Regularity and separation for Sierpi\'nski products of graphs

TL;DR

This paper investigates the connectivity and regularity properties of Sierpiński products of graphs, providing necessary and sufficient conditions, and classifies regular polyhedral and planar Sierpiński products, including a study of special planar graphs.

Contribution

It offers the first complete classification of regular polyhedral and planar Sierpiński products, and introduces a new class of planar graphs with specific vertex-colouring properties.

Findings

Characterisation of higher connectivity conditions for Sierpiński products

Complete classification of regular polyhedral Sierpiński products

Complete classification of regular, connected, planar Sierpiński products

Abstract

The Sierpi\'nski product of graphs generalises the vast and relevant class of Sierpi\'nski-type graphs, and is also related to the classic lexicographic product of graphs.
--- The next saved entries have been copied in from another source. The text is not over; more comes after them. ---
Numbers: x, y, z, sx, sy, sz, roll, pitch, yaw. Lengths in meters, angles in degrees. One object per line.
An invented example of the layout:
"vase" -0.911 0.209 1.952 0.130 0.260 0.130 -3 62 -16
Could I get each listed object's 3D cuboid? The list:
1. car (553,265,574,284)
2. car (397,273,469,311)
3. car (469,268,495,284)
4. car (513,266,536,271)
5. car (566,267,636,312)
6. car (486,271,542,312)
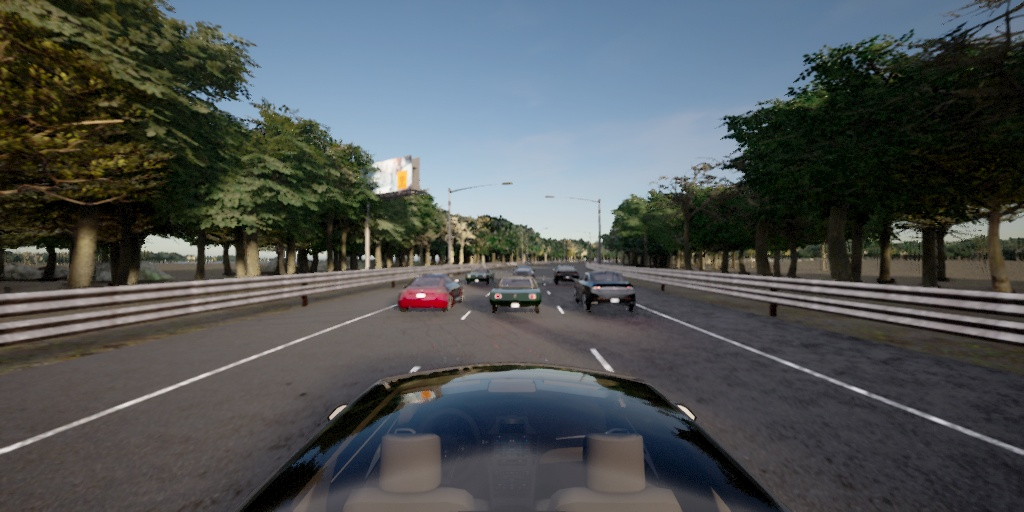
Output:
"car" 4.532 1.520 30.456 1.882 1.535 5.008 0 0 5
"car" -3.274 1.451 15.174 1.994 1.385 4.181 0 0 2
"car" -2.540 1.638 29.911 1.895 1.301 4.718 0 -1 5
"car" 1.011 1.567 30.327 1.812 1.442 4.674 0 0 5
"car" 3.723 1.377 15.048 2.128 1.511 4.902 0 0 2
"car" 0.210 1.484 14.888 1.895 1.301 4.718 0 -1 2
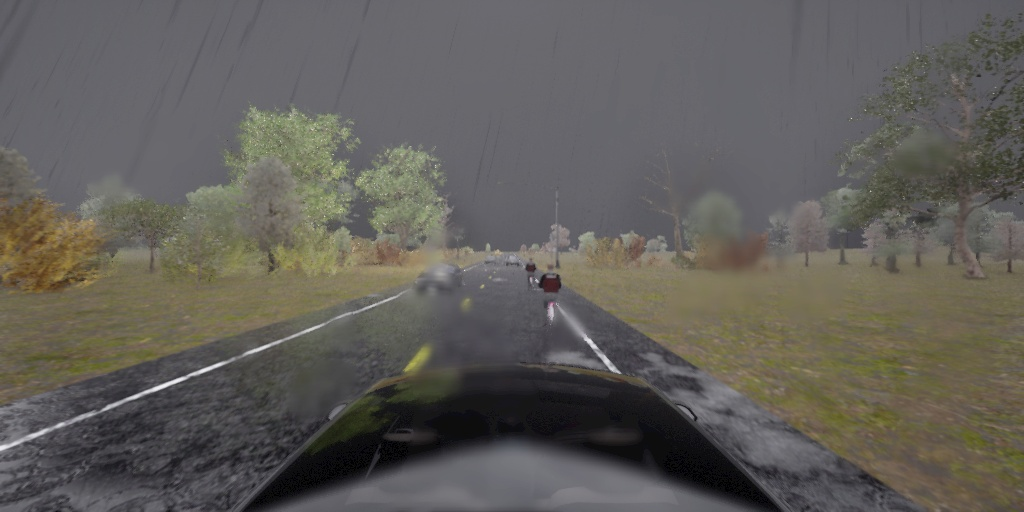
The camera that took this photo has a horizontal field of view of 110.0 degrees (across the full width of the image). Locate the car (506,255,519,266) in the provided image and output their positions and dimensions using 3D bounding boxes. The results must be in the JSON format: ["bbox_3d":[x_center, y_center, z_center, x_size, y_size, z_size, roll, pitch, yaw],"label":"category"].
[{"bbox_3d":[0.089,0.751,55.681,1.994,1.385,4.181,0,1,0],"label":"car"}]

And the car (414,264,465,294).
[{"bbox_3d":[-3.601,1.122,18.892,2.033,1.411,5.357,0,1,0],"label":"car"}]

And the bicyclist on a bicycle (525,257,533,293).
[{"bbox_3d":[0.960,0.950,18.382,0.659,1.776,1.843,0,1,0],"label":"bicyclist on a bicycle"}]

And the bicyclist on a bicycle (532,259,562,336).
[{"bbox_3d":[0.961,1.045,9.174,0.659,1.776,1.843,0,1,0],"label":"bicyclist on a bicycle"}]

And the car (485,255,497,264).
[{"bbox_3d":[-3.547,0.635,60.855,1.837,1.490,4.892,0,1,1],"label":"car"}]
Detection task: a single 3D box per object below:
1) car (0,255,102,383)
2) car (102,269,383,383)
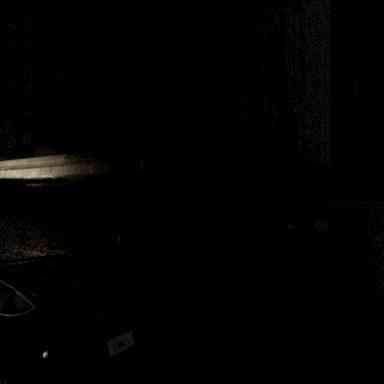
[{"bbox_3d":[-2.407,1.556,4.560,4.313,1.339,1.947,0,0,35],"label":"car"},{"bbox_3d":[2.187,1.318,1.290,5.009,1.841,2.192,0,0,35],"label":"car"}]
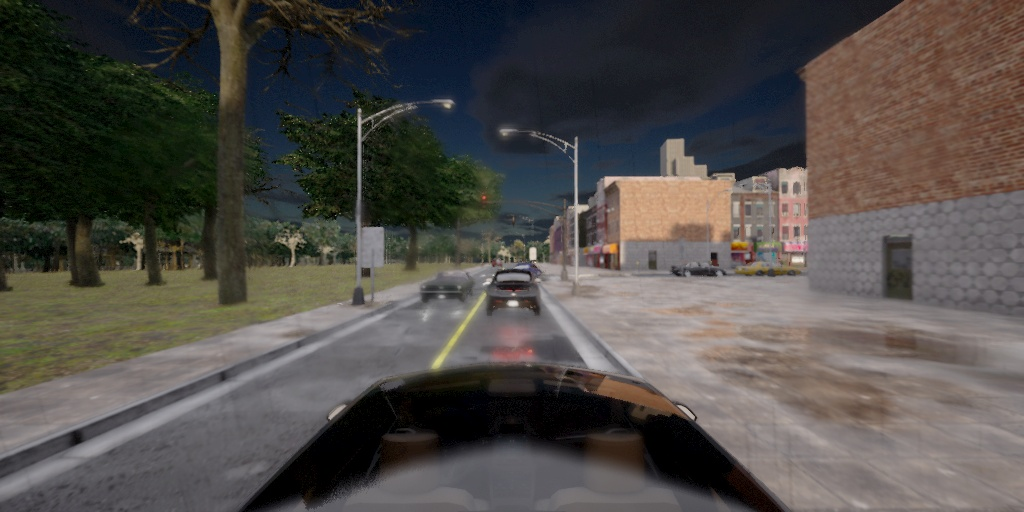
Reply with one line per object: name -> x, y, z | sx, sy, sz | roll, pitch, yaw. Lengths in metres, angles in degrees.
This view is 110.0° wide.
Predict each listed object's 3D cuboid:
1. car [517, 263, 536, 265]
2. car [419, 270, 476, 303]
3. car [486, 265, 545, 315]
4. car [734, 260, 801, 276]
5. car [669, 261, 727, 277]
car -> 1.160, 1.252, 27.990 | 1.812, 1.442, 4.674 | -1, 0, 18
car -> -2.819, 1.336, 16.554 | 1.895, 1.301, 4.718 | 0, 0, 0
car -> 0.063, 1.240, 13.496 | 1.837, 1.490, 4.892 | 0, 0, 0
car -> 21.315, 1.035, 29.914 | 4.829, 1.417, 1.751 | 0, 0, 0
car -> 15.471, 1.105, 29.873 | 4.403, 1.370, 2.007 | 0, 0, 0
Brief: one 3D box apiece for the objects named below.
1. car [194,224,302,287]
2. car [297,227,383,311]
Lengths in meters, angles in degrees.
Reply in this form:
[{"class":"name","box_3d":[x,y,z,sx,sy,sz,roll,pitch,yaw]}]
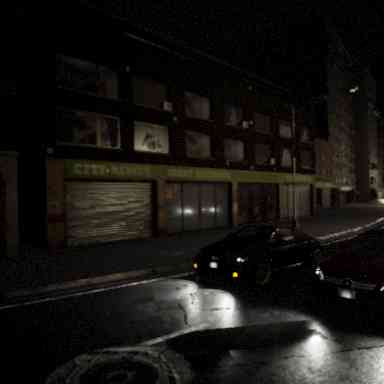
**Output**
[{"class":"car","box_3d":[2.066,1.663,9.710,4.181,1.385,1.994,0,-1,-40]},{"class":"car","box_3d":[4.536,1.564,7.481,4.674,1.442,1.812,0,-1,-41]}]
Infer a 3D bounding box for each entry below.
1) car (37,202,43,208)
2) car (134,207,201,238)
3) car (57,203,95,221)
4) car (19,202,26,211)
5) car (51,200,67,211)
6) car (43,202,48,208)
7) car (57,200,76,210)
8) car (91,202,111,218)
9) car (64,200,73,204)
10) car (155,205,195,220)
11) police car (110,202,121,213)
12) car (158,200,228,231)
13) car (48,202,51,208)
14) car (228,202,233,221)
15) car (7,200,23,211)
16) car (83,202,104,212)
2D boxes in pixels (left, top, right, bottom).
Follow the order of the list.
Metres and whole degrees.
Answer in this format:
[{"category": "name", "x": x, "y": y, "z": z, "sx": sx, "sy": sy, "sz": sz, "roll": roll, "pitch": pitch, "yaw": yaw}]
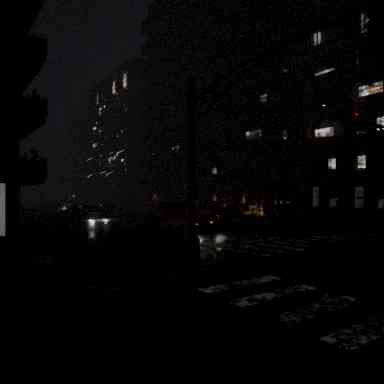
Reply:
[{"category": "car", "x": -35.076, "y": 3.049, "z": 80.050, "sx": 1.887, "sy": 1.381, "sz": 4.507, "roll": -1, "pitch": 0, "yaw": -36}, {"category": "car", "x": -1.804, "y": 1.832, "z": 19.941, "sx": 1.752, "sy": 1.417, "sz": 4.829, "roll": -1, "pitch": 0, "yaw": -36}, {"category": "car", "x": -11.877, "y": 2.163, "z": 33.835, "sx": 1.887, "sy": 1.381, "sz": 4.507, "roll": -1, "pitch": 0, "yaw": -36}, {"category": "car", "x": -31.825, "y": 2.769, "z": 61.346, "sx": 1.887, "sy": 1.381, "sz": 4.507, "roll": -1, "pitch": 0, "yaw": -36}, {"category": "car", "x": -23.220, "y": 2.600, "z": 59.366, "sx": 1.837, "sy": 1.490, "sz": 4.892, "roll": 0, "pitch": -1, "yaw": -36}, {"category": "car", "x": -31.750, "y": 2.972, "z": 75.464, "sx": 1.947, "sy": 1.339, "sz": 4.313, "roll": -1, "pitch": 0, "yaw": -36}, {"category": "car", "x": -25.107, "y": 2.523, "z": 66.294, "sx": 2.192, "sy": 1.841, "sz": 5.009, "roll": -1, "pitch": 0, "yaw": -36}, {"category": "car", "x": -11.140, "y": 2.161, "z": 37.265, "sx": 1.837, "sy": 1.490, "sz": 4.892, "roll": 0, "pitch": -1, "yaw": -36}, {"category": "car", "x": -17.691, "y": 2.418, "z": 51.738, "sx": 2.128, "sy": 1.511, "sz": 4.902, "roll": 0, "pitch": -1, "yaw": -36}, {"category": "car", "x": -1.830, "y": 2.045, "z": 34.199, "sx": 1.887, "sy": 1.381, "sz": 4.507, "roll": -1, "pitch": 0, "yaw": -36}, {"category": "police car", "x": -12.311, "y": 2.256, "z": 49.488, "sx": 1.930, "sy": 1.638, "sz": 5.238, "roll": 0, "pitch": -1, "yaw": -36}, {"category": "car", "x": -0.437, "y": 1.547, "z": 22.483, "sx": 2.150, "sy": 2.045, "sz": 5.566, "roll": 0, "pitch": -1, "yaw": -36}, {"category": "car", "x": -28.433, "y": 2.623, "z": 70.880, "sx": 2.192, "sy": 1.841, "sz": 5.009, "roll": -1, "pitch": 0, "yaw": -36}, {"category": "car", "x": 1.488, "y": 1.713, "z": 29.615, "sx": 2.192, "sy": 1.841, "sz": 5.009, "roll": -1, "pitch": 0, "yaw": -36}, {"category": "car", "x": -35.154, "y": 2.639, "z": 65.931, "sx": 2.192, "sy": 1.841, "sz": 5.009, "roll": -1, "pitch": 0, "yaw": -36}, {"category": "car", "x": -16.351, "y": 2.432, "z": 55.069, "sx": 1.882, "sy": 1.535, "sz": 5.008, "roll": 0, "pitch": -1, "yaw": -36}]
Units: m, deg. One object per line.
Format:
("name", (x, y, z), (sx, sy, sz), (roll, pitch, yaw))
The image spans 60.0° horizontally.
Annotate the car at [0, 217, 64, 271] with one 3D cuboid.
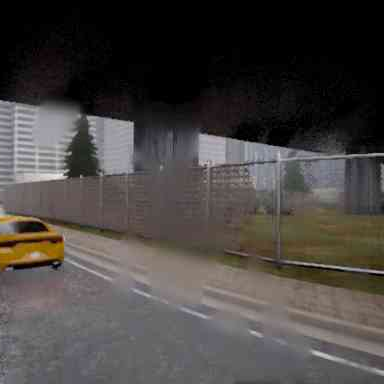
("car", (-5.734, 1.537, 10.615), (1.882, 1.535, 5.008), (1, -1, -41))
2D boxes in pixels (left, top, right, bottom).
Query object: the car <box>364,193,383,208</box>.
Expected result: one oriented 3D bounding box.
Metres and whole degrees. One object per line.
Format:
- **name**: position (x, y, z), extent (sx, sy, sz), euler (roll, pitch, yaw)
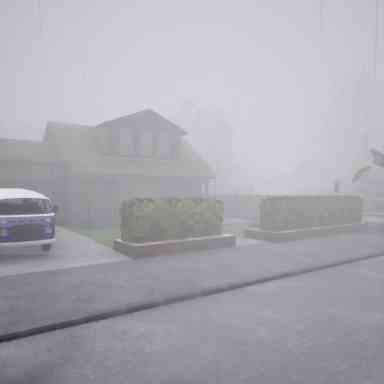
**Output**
- **car**: position (23.130, 0.985, 40.297), extent (3.866, 1.878, 1.905), euler (0, 0, 0)
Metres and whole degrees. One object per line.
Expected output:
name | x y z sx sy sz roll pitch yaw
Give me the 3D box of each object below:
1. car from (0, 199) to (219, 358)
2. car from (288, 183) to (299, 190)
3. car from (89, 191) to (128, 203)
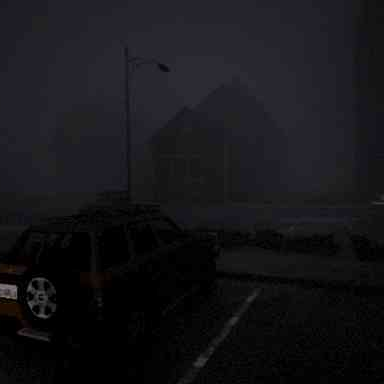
car | -1.073 1.179 5.892 1.932 1.855 4.605 0 1 22
car | 23.388 -1.095 78.060 3.866 1.878 1.905 1 -5 -21
car | -5.572 0.874 21.991 1.905 1.878 3.866 0 1 22
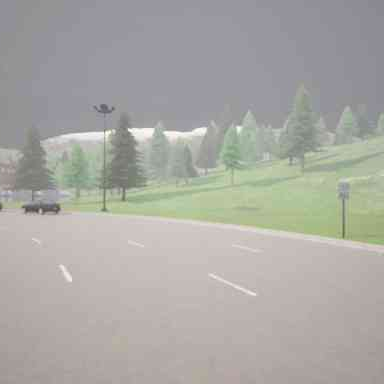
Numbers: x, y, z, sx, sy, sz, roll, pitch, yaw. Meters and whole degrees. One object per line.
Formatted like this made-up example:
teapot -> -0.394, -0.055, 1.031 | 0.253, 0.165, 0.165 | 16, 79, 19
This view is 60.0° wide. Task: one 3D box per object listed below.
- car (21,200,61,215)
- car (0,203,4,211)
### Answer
car -> -16.150, 1.559, 35.450 | 5.008, 1.535, 1.882 | 0, 0, 32
car -> -24.458, 1.613, 39.506 | 4.674, 1.442, 1.812 | 0, 0, 23
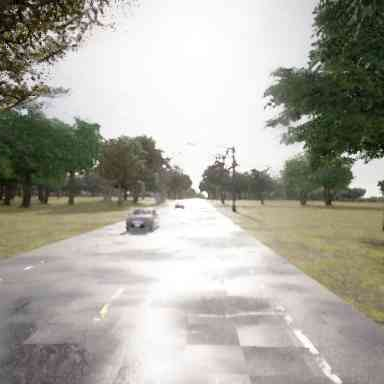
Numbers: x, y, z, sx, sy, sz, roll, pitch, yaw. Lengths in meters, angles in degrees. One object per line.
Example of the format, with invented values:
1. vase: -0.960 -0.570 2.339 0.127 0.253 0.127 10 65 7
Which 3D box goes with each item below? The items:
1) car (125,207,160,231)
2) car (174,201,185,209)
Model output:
1. car: -3.360 1.845 23.223 2.128 1.511 4.902 0 -1 1
2. car: -2.329 2.516 64.395 2.033 1.411 5.357 0 -1 2
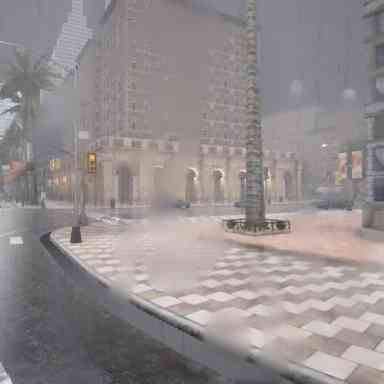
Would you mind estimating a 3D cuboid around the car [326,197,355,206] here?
[{"bbox_3d":[24.670,1.506,55.162,4.892,1.490,1.837,0,0,-30],"label":"car"}]

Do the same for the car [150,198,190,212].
[{"bbox_3d":[-2.576,1.492,39.399,4.902,1.511,2.128,0,0,-28],"label":"car"}]

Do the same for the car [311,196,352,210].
[{"bbox_3d":[17.685,1.547,42.793,5.357,1.411,2.033,0,0,-30],"label":"car"}]

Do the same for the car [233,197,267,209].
[{"bbox_3d":[7.681,1.564,45.326,4.181,1.385,1.994,0,0,-30],"label":"car"}]
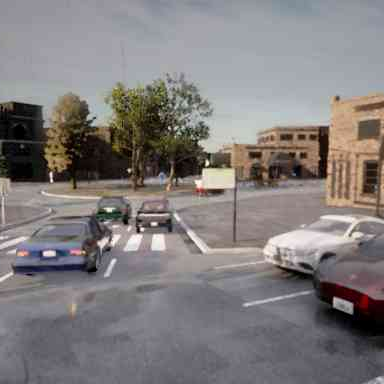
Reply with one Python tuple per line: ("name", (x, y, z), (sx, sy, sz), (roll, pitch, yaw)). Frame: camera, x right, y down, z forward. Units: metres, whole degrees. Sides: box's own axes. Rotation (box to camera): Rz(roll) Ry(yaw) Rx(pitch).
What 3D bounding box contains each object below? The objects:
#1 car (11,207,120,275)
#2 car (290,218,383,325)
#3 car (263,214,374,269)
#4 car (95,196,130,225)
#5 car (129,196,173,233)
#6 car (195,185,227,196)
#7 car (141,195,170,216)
("car", (-3.570, 1.428, 10.106), (2.033, 1.411, 5.357), (0, 1, -7))
("car", (4.525, 1.400, 6.352), (4.792, 1.488, 2.163), (0, 1, -27))
("car", (4.185, 1.373, 9.295), (4.674, 1.452, 2.002), (0, 1, -27))
("car", (-4.992, 1.020, 21.259), (2.097, 1.767, 4.553), (0, 2, -7))
("car", (-2.070, 1.245, 18.053), (2.128, 1.511, 4.902), (0, 1, -7))
("car", (2.508, -0.494, 42.719), (2.097, 1.767, 4.553), (6, 7, 43))
("car", (-2.844, 1.014, 26.936), (1.895, 1.301, 4.718), (0, 3, -1))
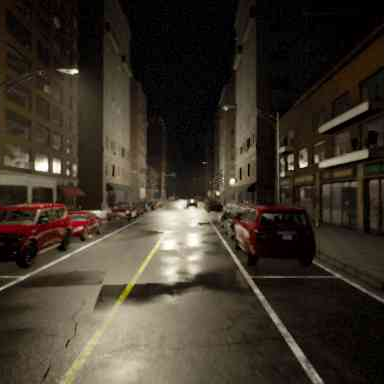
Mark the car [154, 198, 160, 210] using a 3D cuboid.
[{"bbox_3d":[-5.845,1.694,44.679,1.967,1.590,4.097,0,0,0],"label":"car"}]

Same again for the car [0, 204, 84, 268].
[{"bbox_3d":[-5.847,1.376,11.723,2.192,1.841,5.009,1,0,0],"label":"car"}]

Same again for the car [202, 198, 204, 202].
[{"bbox_3d":[2.680,1.799,44.685,1.887,1.381,4.507,0,0,0],"label":"car"}]

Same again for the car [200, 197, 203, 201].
[{"bbox_3d":[2.680,1.840,50.176,2.008,1.369,4.403,0,0,0],"label":"car"}]

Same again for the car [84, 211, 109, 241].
[{"bbox_3d":[-5.849,1.673,17.214,1.802,1.307,4.206,1,0,0],"label":"car"}]

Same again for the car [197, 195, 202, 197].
[{"bbox_3d":[2.549,2.144,94.102,1.887,1.381,4.507,0,0,-1],"label":"car"}]

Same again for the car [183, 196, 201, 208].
[{"bbox_3d":[0.006,1.860,53.693,2.033,1.411,5.357,0,0,0],"label":"car"}]

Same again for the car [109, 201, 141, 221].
[{"bbox_3d":[-5.847,1.594,28.200,1.967,1.590,4.097,0,0,0],"label":"car"}]

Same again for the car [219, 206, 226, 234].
[{"bbox_3d":[2.681,1.657,17.228,1.947,1.339,4.313,0,0,0],"label":"car"}]

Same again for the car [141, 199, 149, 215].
[{"bbox_3d":[-5.847,1.710,33.523,1.752,1.417,4.829,0,0,0],"label":"car"}]

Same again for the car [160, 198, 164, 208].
[{"bbox_3d":[-5.845,1.765,55.665,1.967,1.590,4.097,0,0,0],"label":"car"}]

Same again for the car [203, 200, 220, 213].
[{"bbox_3d":[2.681,1.764,39.194,1.887,1.381,4.507,0,0,0],"label":"car"}]

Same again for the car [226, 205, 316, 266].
[{"bbox_3d":[2.682,1.376,11.738,2.192,1.841,5.009,1,0,0],"label":"car"}]

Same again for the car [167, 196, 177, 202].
[{"bbox_3d":[-5.976,2.149,94.025,2.008,1.369,4.403,0,0,-1],"label":"car"}]

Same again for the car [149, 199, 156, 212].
[{"bbox_3d":[-5.847,1.770,39.186,2.008,1.369,4.403,0,0,0],"label":"car"}]

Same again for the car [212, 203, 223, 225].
[{"bbox_3d":[2.681,1.672,22.720,2.008,1.369,4.403,0,0,0],"label":"car"}]
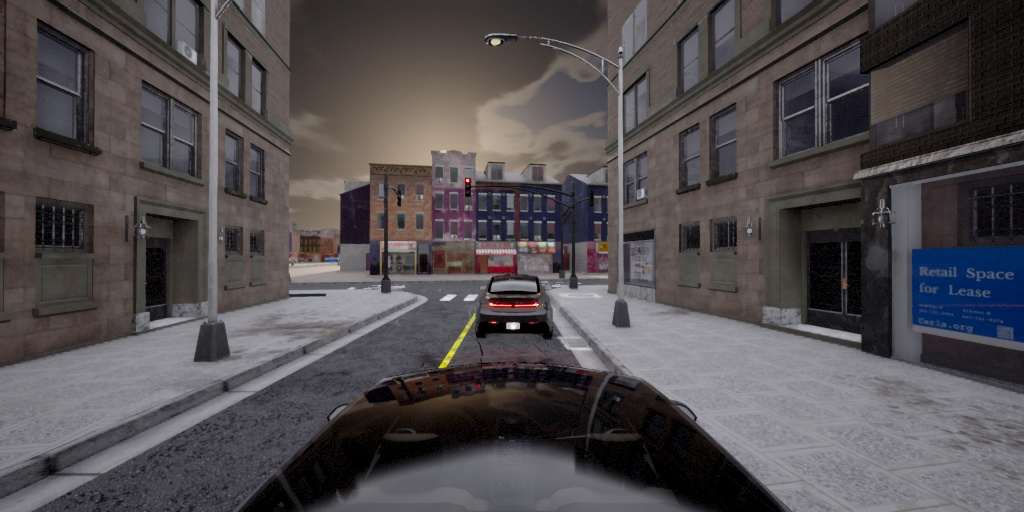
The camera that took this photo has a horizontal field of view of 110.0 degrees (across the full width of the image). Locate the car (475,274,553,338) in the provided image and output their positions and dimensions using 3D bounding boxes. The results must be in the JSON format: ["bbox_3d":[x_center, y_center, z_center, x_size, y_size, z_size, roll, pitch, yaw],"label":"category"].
[{"bbox_3d":[0.096,1.256,10.129,1.837,1.490,4.892,0,0,2],"label":"car"}]
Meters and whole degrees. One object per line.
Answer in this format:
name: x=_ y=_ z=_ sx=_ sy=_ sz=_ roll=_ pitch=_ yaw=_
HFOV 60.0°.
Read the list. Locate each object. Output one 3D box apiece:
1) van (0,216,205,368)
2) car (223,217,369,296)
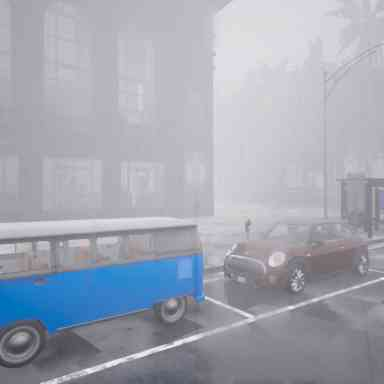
van: x=-1.680 y=1.341 z=5.453 sx=3.998 sy=1.788 sz=1.690 roll=0 pitch=0 yaw=-35
car: x=2.740 y=1.438 z=8.600 sx=4.097 sy=1.590 sz=1.967 roll=0 pitch=0 yaw=-35
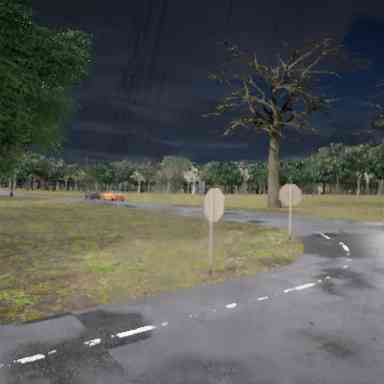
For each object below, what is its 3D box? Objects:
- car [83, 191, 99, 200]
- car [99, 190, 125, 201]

Our first main results are necessary and sufficient conditions for the higher connectivity of Sierpi\'nski products. Among other applications, we characterise the polyhedral ($3$-connected and planar) Sierpi\'nski products of polyhedra. Our other main result is the complete classification of the regular polyhedral Sierpi\'nski products, and more generally of the regular, connected, planar Sierpi\'nski products. To prove this classification, we introduce and study the intriguing class of planar graphs where each vertex may be assigned a colour in such a way that each vertex has neighbours of the same set of colours and in the same cyclic order around the vertex. We also completely classify the planar lexicographic products.